◆ **Task to complete**
Please repeat exactly the lines from the one containing "Boxes around wall" to the end of the entries below, both included, and omit all pictures.

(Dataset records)
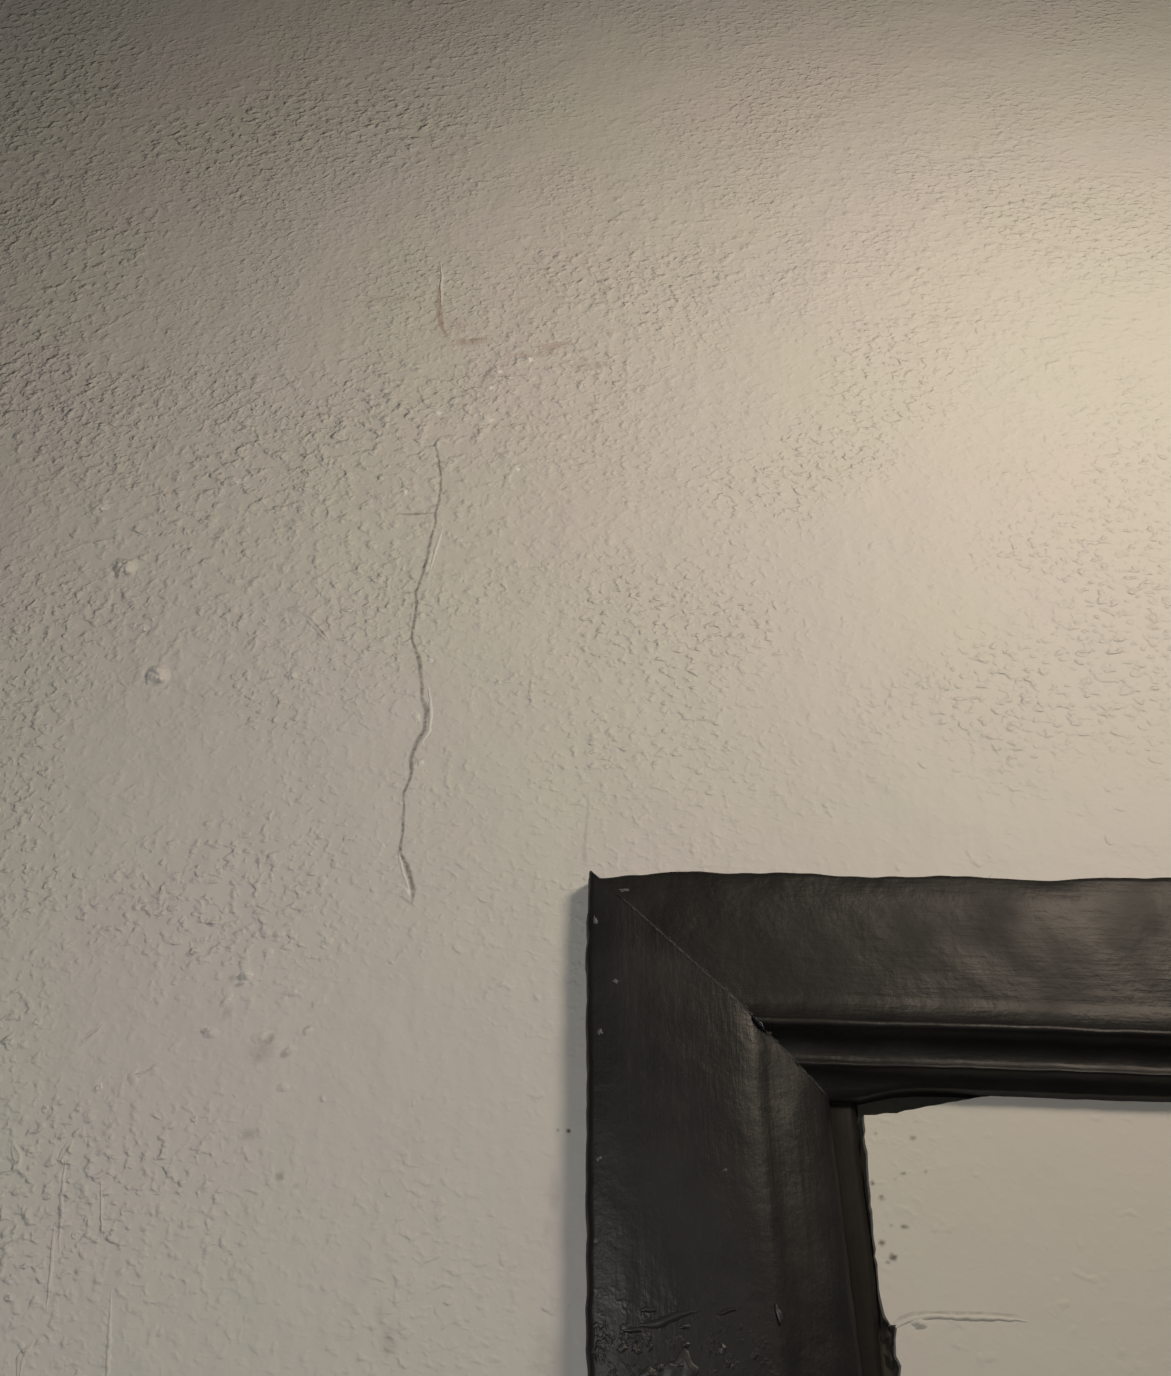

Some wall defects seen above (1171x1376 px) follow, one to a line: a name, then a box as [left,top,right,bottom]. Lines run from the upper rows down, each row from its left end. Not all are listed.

crack [410,529,443,766]
crack [397,824,412,896]
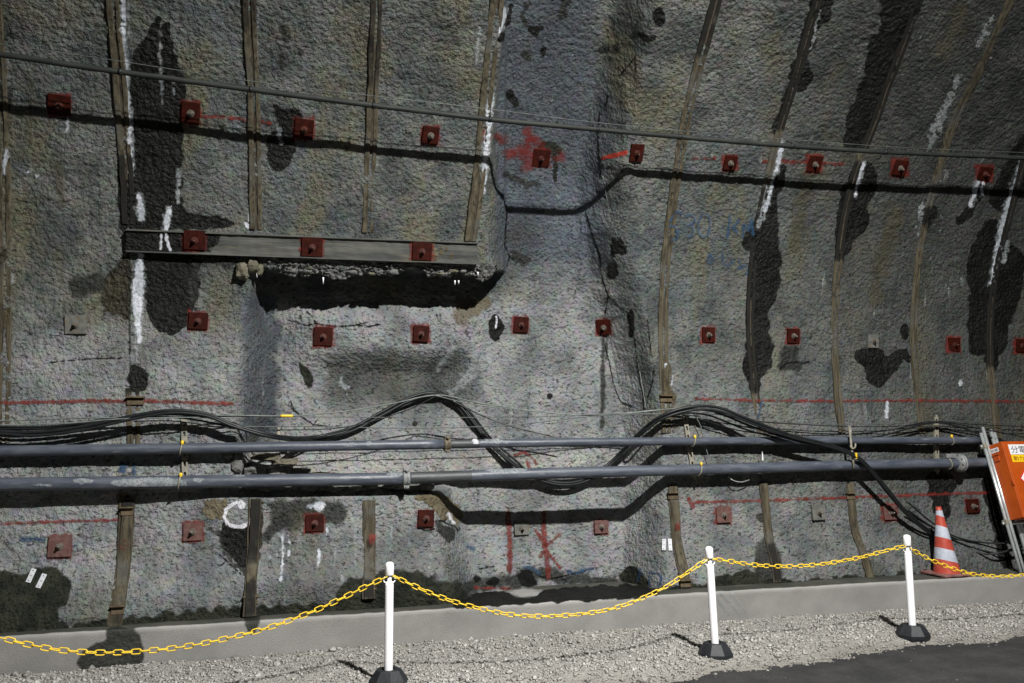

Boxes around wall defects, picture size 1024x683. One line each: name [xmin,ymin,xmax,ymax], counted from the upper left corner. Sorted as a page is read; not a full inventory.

damp [69,0,250,392]
damp [266,104,303,172]
spalling [257,257,498,283]
crack [585,212,655,398]
damp [742,0,834,393]
damp [835,0,921,261]
damp [854,323,911,387]
damp [956,136,1024,374]
damp [0,538,859,669]
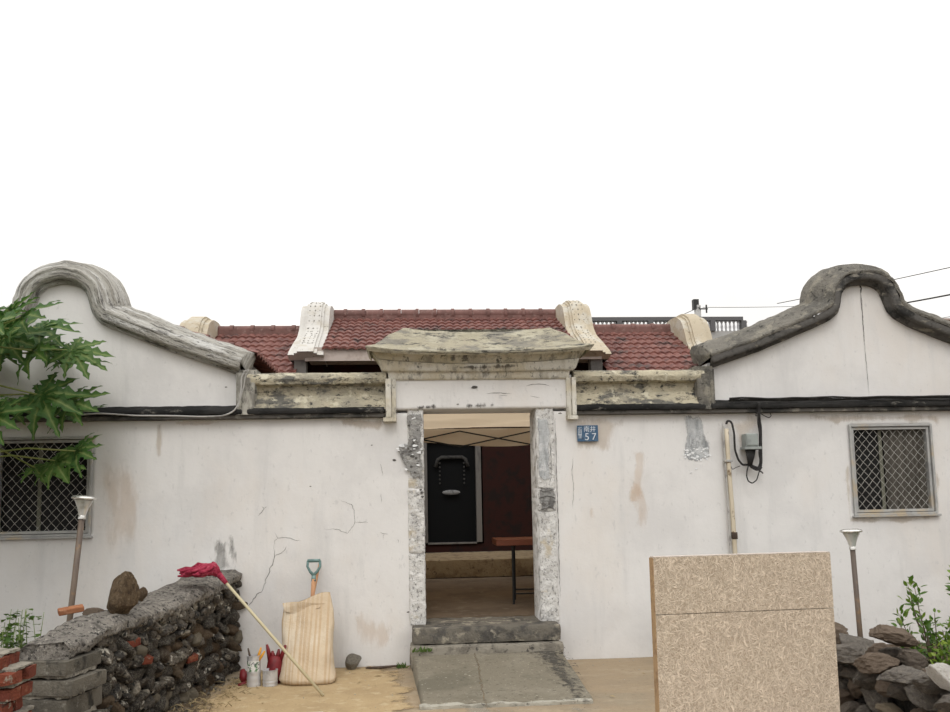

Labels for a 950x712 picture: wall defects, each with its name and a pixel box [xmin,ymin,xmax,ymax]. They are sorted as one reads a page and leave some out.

◆ **Result of this task**
Boxes around wall defects, picture size 1024x683. One line each: name [xmin,ymin,xmax,ymax], counted from the upper left corner. Sorted as a page is read; not a full inventory.

damp [69,0,250,392]
damp [266,104,303,172]
spalling [257,257,498,283]
crack [585,212,655,398]
damp [742,0,834,393]
damp [835,0,921,261]
damp [854,323,911,387]
damp [956,136,1024,374]
damp [0,538,859,669]

Labels for a 950x712 picture: wall defects, each with its name and a pixel box [xmin,ymin,xmax,ymax]. They are sorted as one reads a page and leave some out.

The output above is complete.